If no flag is given, cldz assumes the first argument is a python based jupyter notebook and second argument is a requirements file.

Example

cldz deploy -n python awesome-notebook.ipynb requirements.txt

Async Endpoints

Notebook deployments support Async serverless endpoints. This is useful as often Notebook execution is a long running operation. Async endpoints can be invoked via any http client like curl. Caller can specify a callback URL (webhook) in its http invocation under header X-callback-url. Serverless function immediately replies back with 202 request accepted response code and continue to execute the notebook.

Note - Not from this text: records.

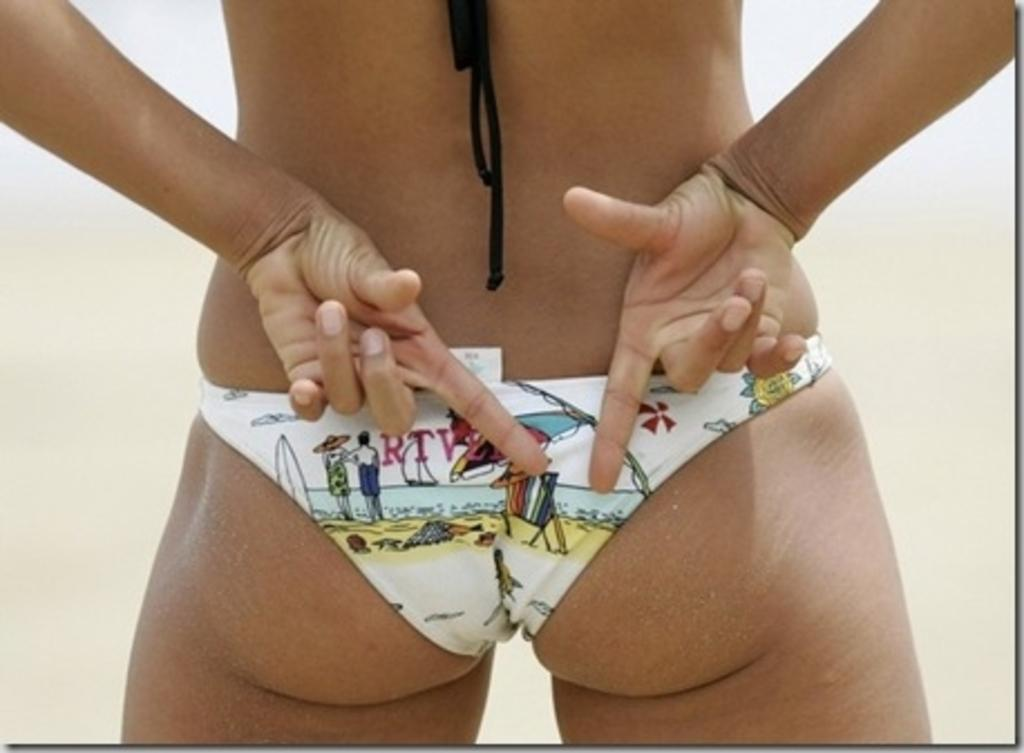What is the main subject of the image? There is a person in the image. What is the person wearing in the image? The person is wearing an undergarment. Can you describe any specific body parts of the person that are visible in the image? The fingers of the person are visible in the image. What are the fingers doing in the image? The fingers are showing a sign. What type of punishment is being depicted in the image? There is no punishment being depicted in the image; it features a person with visible fingers showing a sign. 
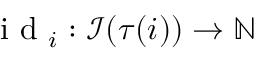Convert formula to latex. <formula><loc_0><loc_0><loc_500><loc_500>i d _ { i } \colon \mathcal { I } ( \tau ( i ) ) \rightarrow \mathbb { N }</formula> 
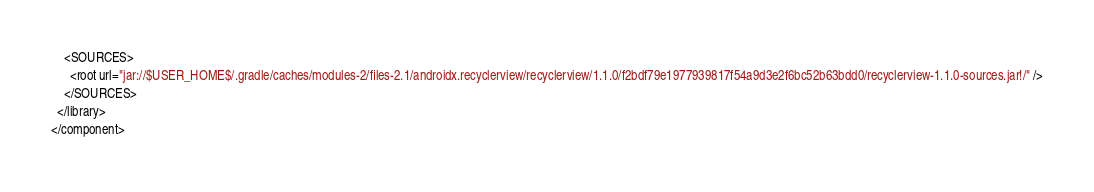Convert code to text. <code><loc_0><loc_0><loc_500><loc_500><_XML_>    <SOURCES>
      <root url="jar://$USER_HOME$/.gradle/caches/modules-2/files-2.1/androidx.recyclerview/recyclerview/1.1.0/f2bdf79e1977939817f54a9d3e2f6bc52b63bdd0/recyclerview-1.1.0-sources.jar!/" />
    </SOURCES>
  </library>
</component></code> 
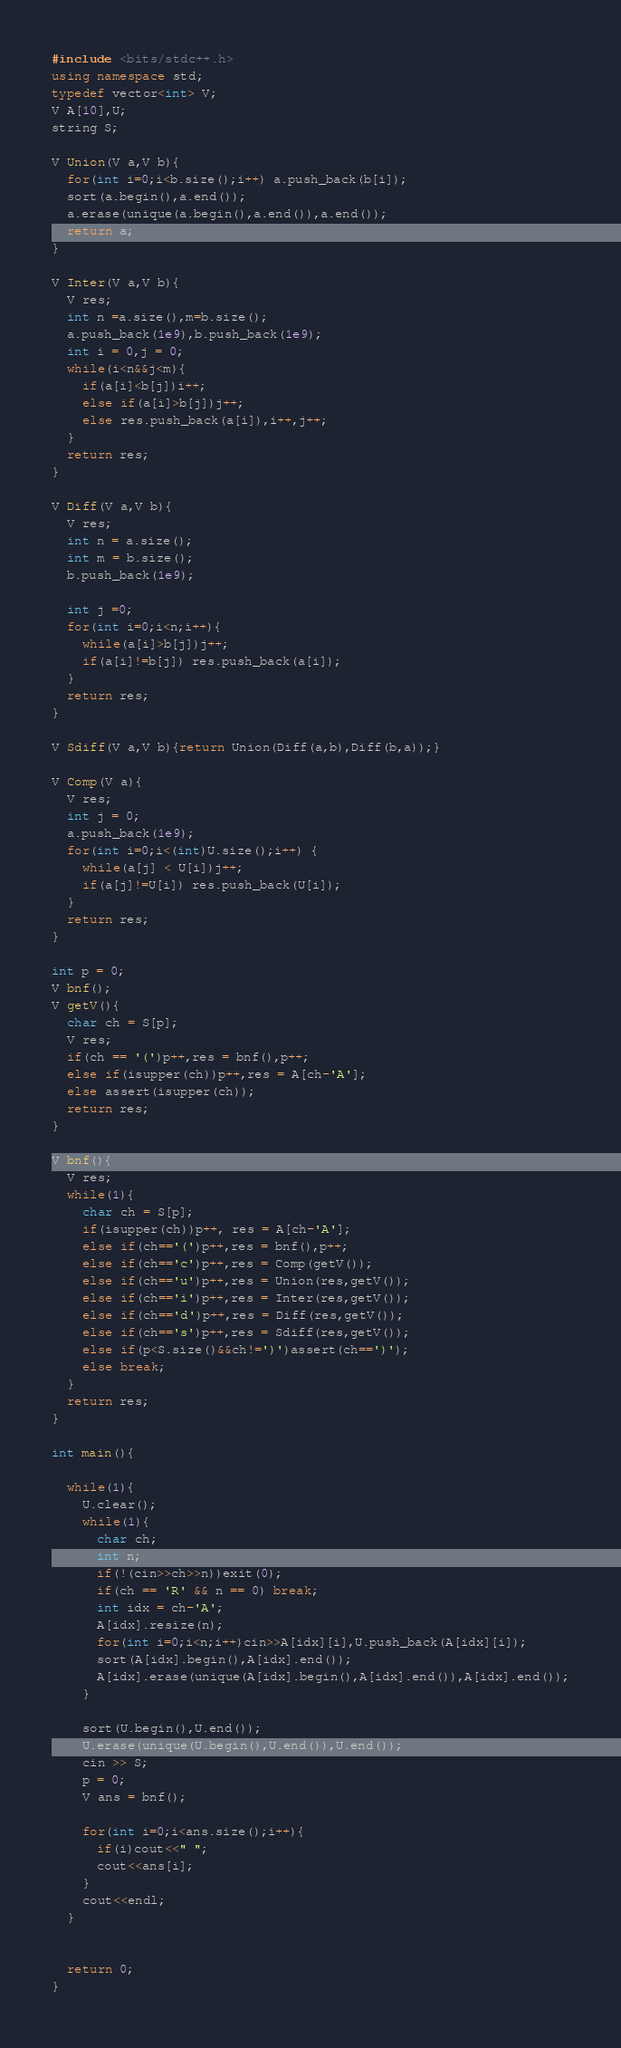Convert code to text. <code><loc_0><loc_0><loc_500><loc_500><_C++_>#include <bits/stdc++.h>
using namespace std;
typedef vector<int> V;
V A[10],U;
string S;

V Union(V a,V b){
  for(int i=0;i<b.size();i++) a.push_back(b[i]);
  sort(a.begin(),a.end());
  a.erase(unique(a.begin(),a.end()),a.end());
  return a;
}

V Inter(V a,V b){
  V res;
  int n =a.size(),m=b.size();
  a.push_back(1e9),b.push_back(1e9);
  int i = 0,j = 0;
  while(i<n&&j<m){
    if(a[i]<b[j])i++;
    else if(a[i]>b[j])j++;
    else res.push_back(a[i]),i++,j++;
  }
  return res;
}

V Diff(V a,V b){
  V res;
  int n = a.size();
  int m = b.size();
  b.push_back(1e9);
  
  int j =0;
  for(int i=0;i<n;i++){
    while(a[i]>b[j])j++;
    if(a[i]!=b[j]) res.push_back(a[i]);
  }
  return res;
}

V Sdiff(V a,V b){return Union(Diff(a,b),Diff(b,a));}

V Comp(V a){
  V res;
  int j = 0;
  a.push_back(1e9);
  for(int i=0;i<(int)U.size();i++) {
    while(a[j] < U[i])j++;
    if(a[j]!=U[i]) res.push_back(U[i]);
  }
  return res;
}

int p = 0;
V bnf();
V getV(){
  char ch = S[p];
  V res;
  if(ch == '(')p++,res = bnf(),p++;
  else if(isupper(ch))p++,res = A[ch-'A'];
  else assert(isupper(ch));
  return res;
}

V bnf(){
  V res;
  while(1){
    char ch = S[p];
    if(isupper(ch))p++, res = A[ch-'A'];
    else if(ch=='(')p++,res = bnf(),p++;
    else if(ch=='c')p++,res = Comp(getV());
    else if(ch=='u')p++,res = Union(res,getV());
    else if(ch=='i')p++,res = Inter(res,getV());
    else if(ch=='d')p++,res = Diff(res,getV());
    else if(ch=='s')p++,res = Sdiff(res,getV());
    else if(p<S.size()&&ch!=')')assert(ch==')');
    else break;
  }
  return res;
}

int main(){

  while(1){
    U.clear();
    while(1){
      char ch;
      int n;
      if(!(cin>>ch>>n))exit(0);
      if(ch == 'R' && n == 0) break;
      int idx = ch-'A';
      A[idx].resize(n);
      for(int i=0;i<n;i++)cin>>A[idx][i],U.push_back(A[idx][i]);
      sort(A[idx].begin(),A[idx].end());
      A[idx].erase(unique(A[idx].begin(),A[idx].end()),A[idx].end());
    }
    
    sort(U.begin(),U.end());
    U.erase(unique(U.begin(),U.end()),U.end());
    cin >> S;
    p = 0;
    V ans = bnf();

    for(int i=0;i<ans.size();i++){
      if(i)cout<<" ";
      cout<<ans[i];
    }
    cout<<endl;
  }
 

  return 0;
}</code>

Once notebook execution is complete, the callback URL (webhook) is called with the result. In addition to this webhook, output of the invocation can also be viewed under Invocation History on Clouderizer console.

Deploy Models

Syntax

cldz deploy -m MODEL_TYPE PATH_TO_H2O_MODEL_FILE

-m flag tells cldz that deployment is of type model. Immediately after -m we follow up with the model type. Following model types are supported

  • h2o.ai MOJO model
  • PMML
  • Python
  • ONNX

h2o / dai / pmml model deployment

cldz deploy -m h2o PATH_TO_H2O_MODEL_FILE

-m flag tells cldz that deployment is of type model.

If -m is not specified,cldz assumes type as notebook.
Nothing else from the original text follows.